Para él, la oscuridad ya no era un castigo, sino un abrazo acogedor; una compañera silenciosa que lo envolvía con su manto protector.
Solo quedaba esperar.
Los años llegarían, uno tras otro, hasta el día en que pudiera cumplir aquello por lo que aún respiraba.
El zumbido de las máquinas llenaba la habitación con un murmullo constante. En el centro, tras el cristal de contención, él dormía bajo la tenue luz azul que parpadeaba cada pocos segundos. Cada destello iluminaba las heridas que recorrían su cuerpo, como un mapa del dolor que lo había moldeado.
El aprendiz observó en silencio, con las manos tensas sobre el panel.
Durante un instante, creyó ver el pecho del joven moverse apenas, como si soñara.
Ese pequeño gesto bastó para quebrar su compostura.
—Doctor Jasón... —dijo al fin, con la voz temblorosa—. Entiendo su método, pero no puedo evitar pensar que estamos tratando a este niño de una manera inhumana.
Jasón, sin apartar la vista de los monitores, respondió con calma.
—¿Inhumana? —repitió—. He estudiado cada parámetro, cada límite del joven Winter. No lo hacemos por crueldad, sino por necesidad.
—Si llegaras a comprender la naturaleza de los Winter, preferirías morir antes que enfrentarte a uno de ellos.
Por eso lo moldeo. Por eso lo encierro.
Estoy construyendo una mente capaz de resistir lo que viene... y de obedecer cuando el momento llegue.
El aprendiz bajó la mirada.
—¿Se refiere a los sucesos que ocurrirán cuando ellos... salgan de aquí?
Jasón dejó escapar una leve risa mientras se inclinaba hacia el cristal.
—Exacto —dijo en voz baja, como si hablara solo—.
La tercera fase del proyecto está a punto de comenzar.
Cuando ese día llegue, no habrá lugar en el mundo que sea seguro para ellos.
Mis creaciones obedecerán mis órdenes...
y cuando eso ocurra —una sonrisa apenas curvó sus labios— la verdadera competencia por la supervivencia habrá comenzado.
El silencio volvió a llenar la sala.
El aprendiz bajó la mirada hacia los monitores, como quien evita incomodar con su presencia.
—Parece que el conflicto en el norte sigue sin ceder —dijo en voz baja—.
El Reino de Roster se dividió… los caballeros rebeldes de la corona se establecieron más allá de las montañas y proclamaron su independencia.
Jasón asintió apenas, sin apartar la vista del cristal.
—Era inevitable —murmuró—. Cuando los ideales chocan con el poder, los reinos se parten como vidrio.
—Dicen que el Duque de los Lobos fue ejecutado —continuó el aprendiz, buscando su reacción—.
Lo acusaron de permitir el paso a los rebeldes.
—Una decisión predecible —respondió Jasón, con una sonrisa apenas visible—.
Pero su sacrificio les dio el tiempo que necesitaban.

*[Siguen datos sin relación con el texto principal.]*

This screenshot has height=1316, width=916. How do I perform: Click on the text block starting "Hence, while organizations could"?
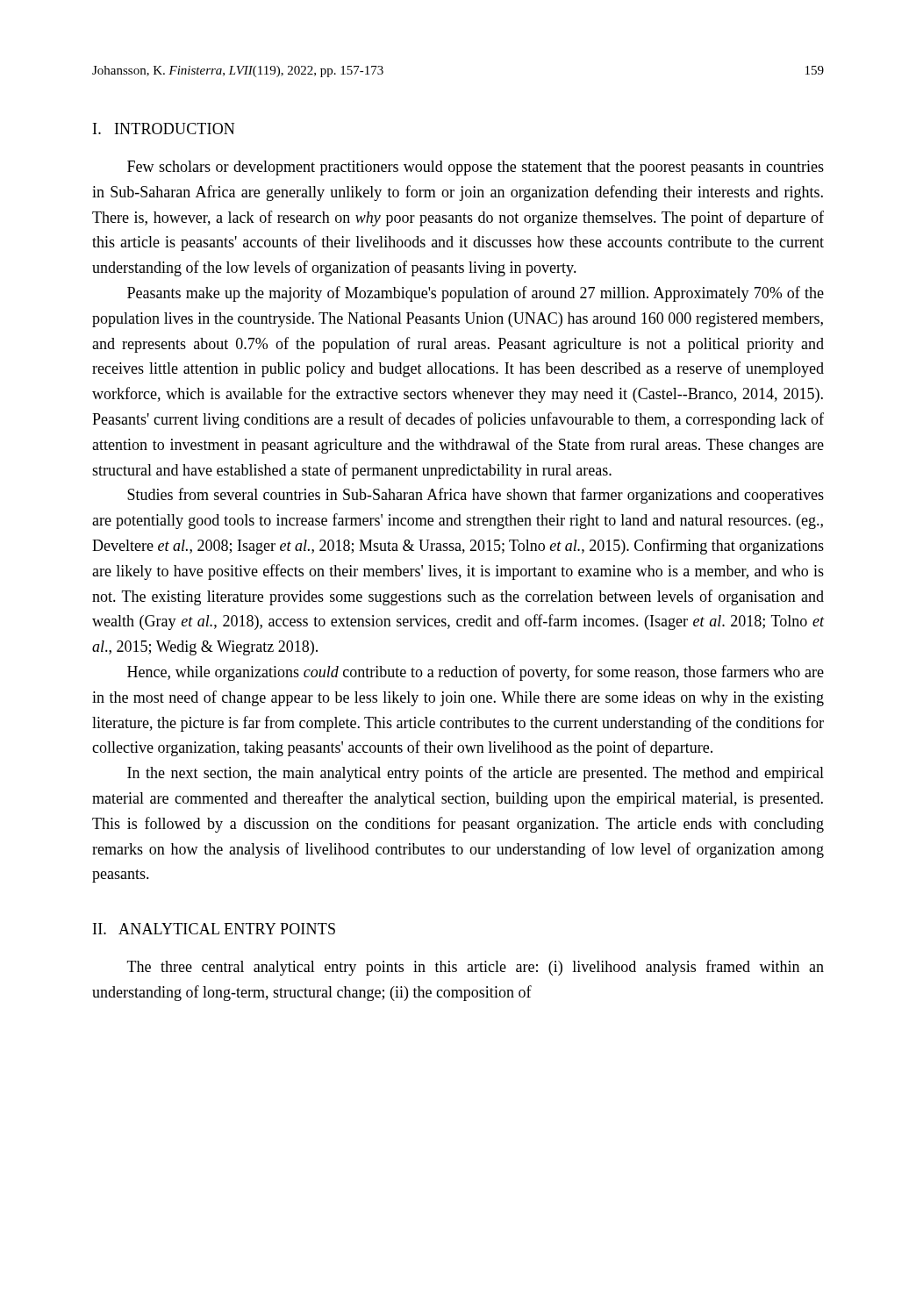pyautogui.click(x=458, y=710)
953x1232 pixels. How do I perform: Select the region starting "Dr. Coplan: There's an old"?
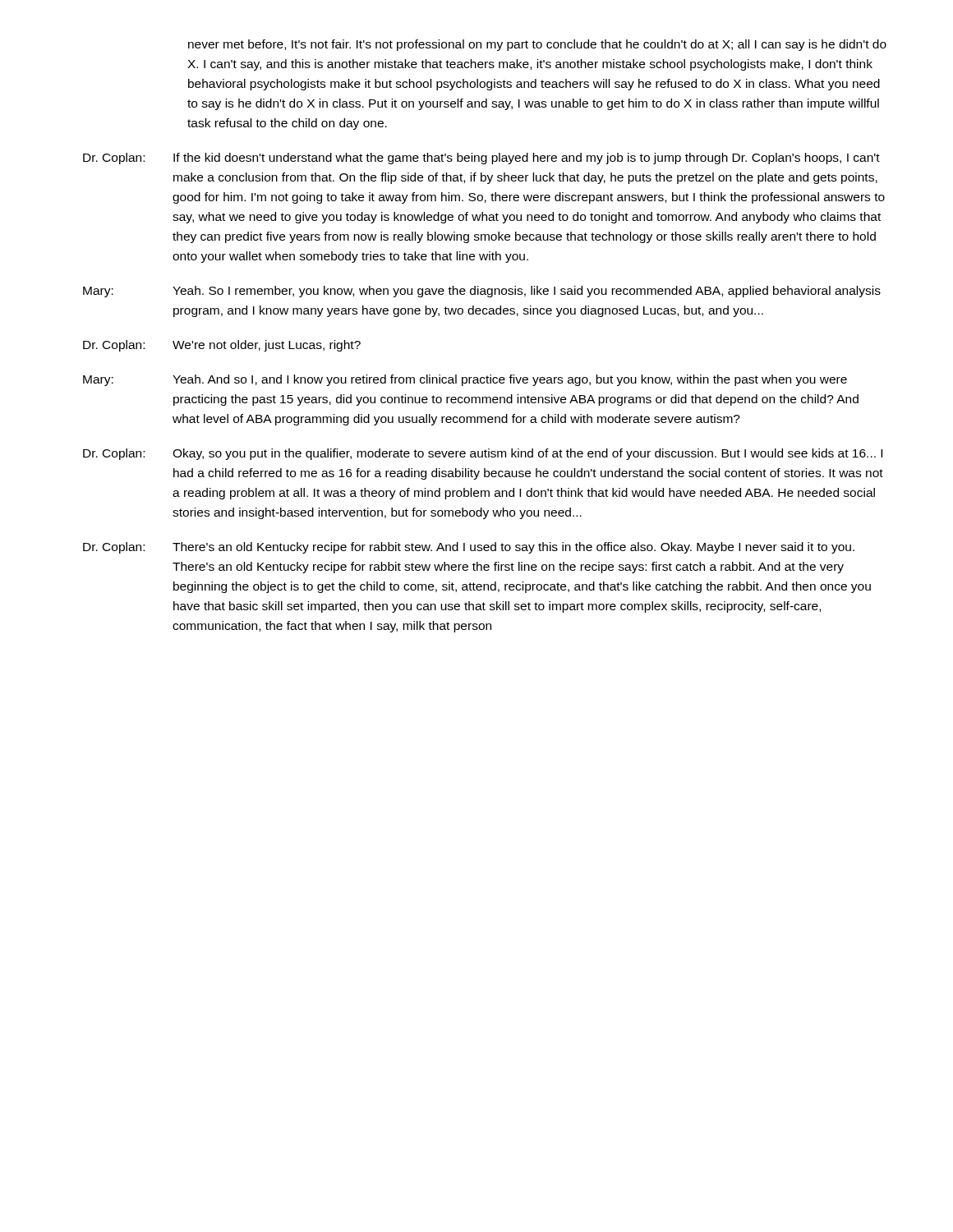point(485,587)

Los muros del norte ya están reparados.
El aprendiz levantó la vista, inseguro.
—Entonces… ¿la guerra sigue?
—Sigue, y seguirá —dijo Jasón—.
Mientras Ester respire, siempre habrá alguien dispuesto a seguirla.
—He oído rumores sobre el Caballero Ejecutor —añadió el aprendiz—. Dicen que lucha bajo su estandarte.
—Lo hace —admitió—, y por eso la moral de sus tropas se mantiene alta.
Pero el tiempo juega a mi favor.
Cuando mis creaciones despierten, no habrá lobo ni muro que las detenga.